- _EXERCISE REQUIREMENTS_
Search the entries for the line containing "# which is displayed". Repeat it, then every line after it, exactly through the final line.

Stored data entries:
****
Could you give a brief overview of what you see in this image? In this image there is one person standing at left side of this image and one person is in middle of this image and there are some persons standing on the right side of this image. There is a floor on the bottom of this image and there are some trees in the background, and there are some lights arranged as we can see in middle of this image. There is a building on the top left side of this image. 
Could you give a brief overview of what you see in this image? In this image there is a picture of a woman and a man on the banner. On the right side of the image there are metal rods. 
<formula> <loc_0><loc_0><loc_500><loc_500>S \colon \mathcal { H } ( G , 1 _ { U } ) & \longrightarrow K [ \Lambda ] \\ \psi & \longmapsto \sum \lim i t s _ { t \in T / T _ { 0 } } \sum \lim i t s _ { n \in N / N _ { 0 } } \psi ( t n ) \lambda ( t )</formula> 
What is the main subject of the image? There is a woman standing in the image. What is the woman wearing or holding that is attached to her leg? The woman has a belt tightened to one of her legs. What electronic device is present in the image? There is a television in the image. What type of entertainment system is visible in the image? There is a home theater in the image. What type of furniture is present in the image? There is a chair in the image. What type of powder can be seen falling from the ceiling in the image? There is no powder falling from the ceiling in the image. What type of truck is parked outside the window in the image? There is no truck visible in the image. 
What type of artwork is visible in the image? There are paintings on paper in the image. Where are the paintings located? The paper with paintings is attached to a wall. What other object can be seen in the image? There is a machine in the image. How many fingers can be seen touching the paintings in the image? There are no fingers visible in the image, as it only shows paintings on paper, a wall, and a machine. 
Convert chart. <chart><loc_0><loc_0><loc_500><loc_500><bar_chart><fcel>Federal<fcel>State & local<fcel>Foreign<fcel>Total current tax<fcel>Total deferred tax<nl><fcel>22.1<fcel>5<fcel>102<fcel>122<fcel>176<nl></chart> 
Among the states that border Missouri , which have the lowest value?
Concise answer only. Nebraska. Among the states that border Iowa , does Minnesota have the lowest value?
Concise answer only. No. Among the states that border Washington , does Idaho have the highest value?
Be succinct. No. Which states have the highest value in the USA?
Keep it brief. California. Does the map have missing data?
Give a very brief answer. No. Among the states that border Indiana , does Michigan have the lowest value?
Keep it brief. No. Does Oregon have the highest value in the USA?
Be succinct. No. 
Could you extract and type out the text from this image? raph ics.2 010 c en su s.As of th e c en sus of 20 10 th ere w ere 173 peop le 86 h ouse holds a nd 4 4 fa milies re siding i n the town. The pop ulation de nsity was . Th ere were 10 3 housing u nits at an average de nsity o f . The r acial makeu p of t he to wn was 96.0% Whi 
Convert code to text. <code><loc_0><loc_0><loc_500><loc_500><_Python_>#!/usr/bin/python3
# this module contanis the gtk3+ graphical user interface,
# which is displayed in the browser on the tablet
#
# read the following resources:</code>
****
- _RESULT BELOW_
# which is displayed in the browser on the tablet
#
# read the following resources:</code>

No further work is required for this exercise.